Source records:
======

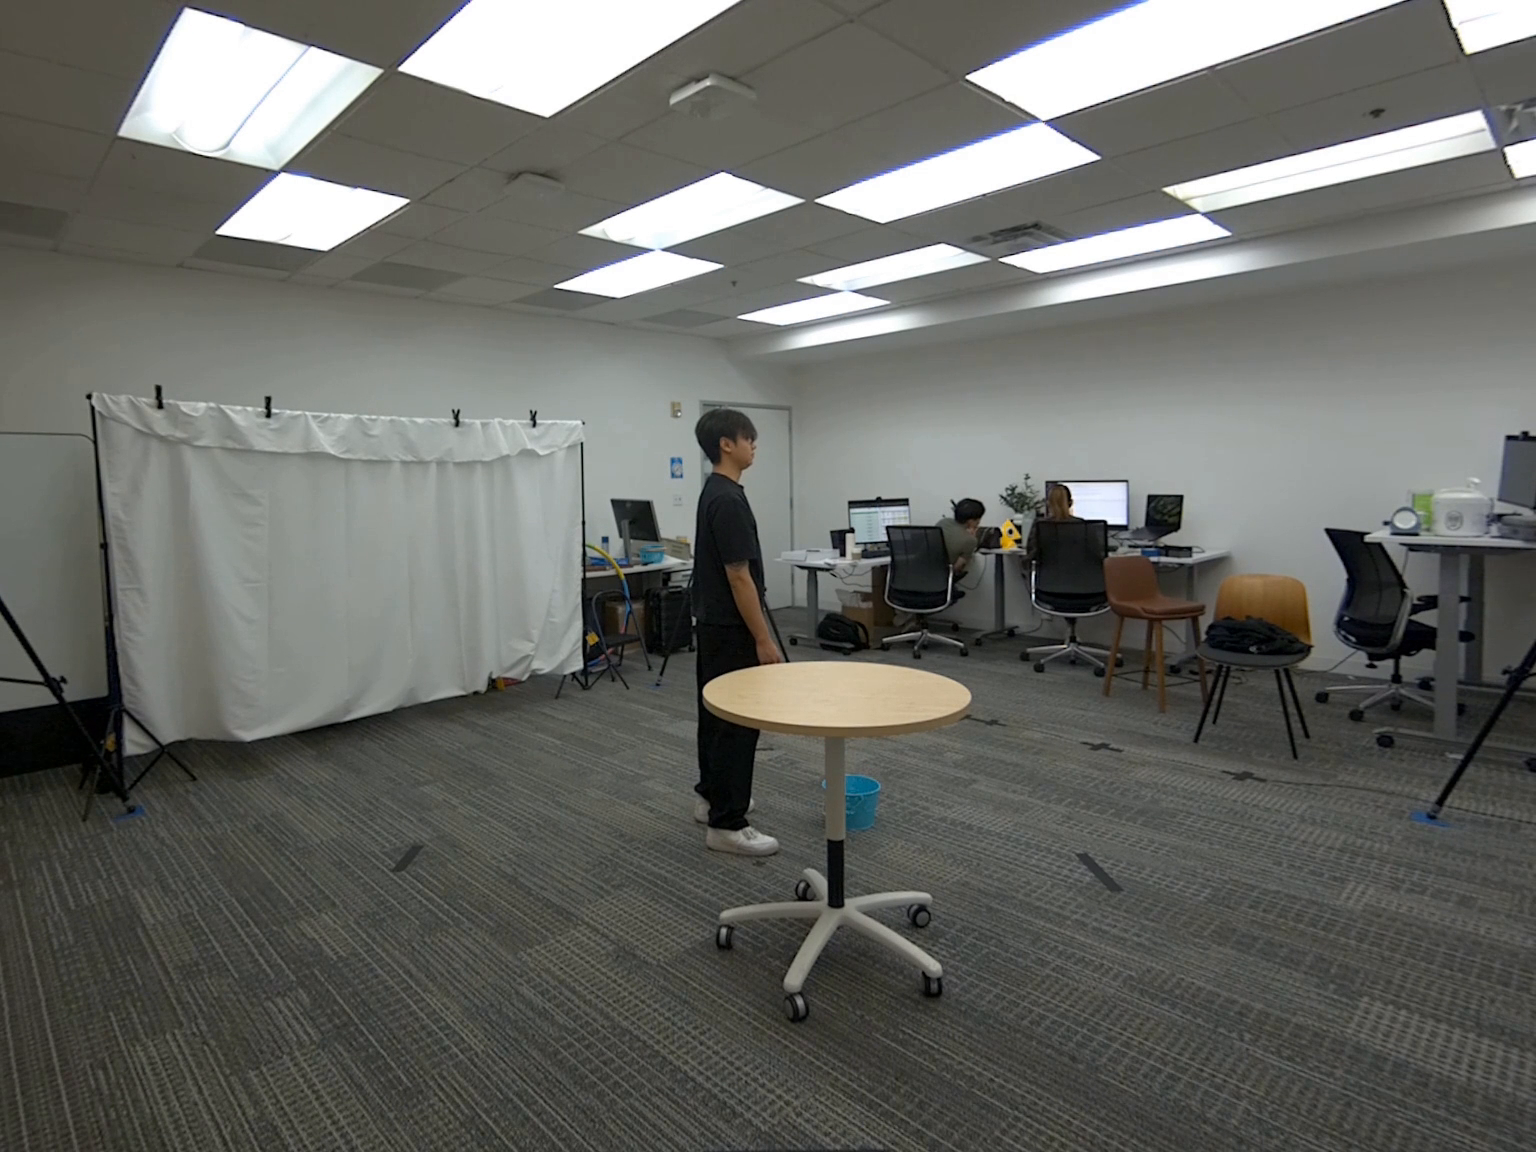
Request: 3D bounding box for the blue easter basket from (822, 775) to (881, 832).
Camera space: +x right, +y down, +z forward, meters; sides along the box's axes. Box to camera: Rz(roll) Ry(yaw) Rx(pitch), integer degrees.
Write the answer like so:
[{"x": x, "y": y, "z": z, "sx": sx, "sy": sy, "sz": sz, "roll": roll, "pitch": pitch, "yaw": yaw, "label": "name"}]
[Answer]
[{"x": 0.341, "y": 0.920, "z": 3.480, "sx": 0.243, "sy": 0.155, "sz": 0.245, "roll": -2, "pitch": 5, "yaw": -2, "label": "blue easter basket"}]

======

Copy every record exactly, but skip the pictures.

__Task output__:
Request: 3D bounding box for the blue easter basket from (822, 775) to (881, 832).
Camera space: +x right, +y down, +z forward, meters; sides along the box's axes. Box to camera: Rz(roll) Ry(yaw) Rx(pitch), integer degrees.
Write the answer like so:
[{"x": x, "y": y, "z": z, "sx": sx, "sy": sy, "sz": sz, "roll": roll, "pitch": pitch, "yaw": yaw, "label": "name"}]
[Answer]
[{"x": 0.341, "y": 0.920, "z": 3.480, "sx": 0.243, "sy": 0.155, "sz": 0.245, "roll": -2, "pitch": 5, "yaw": -2, "label": "blue easter basket"}]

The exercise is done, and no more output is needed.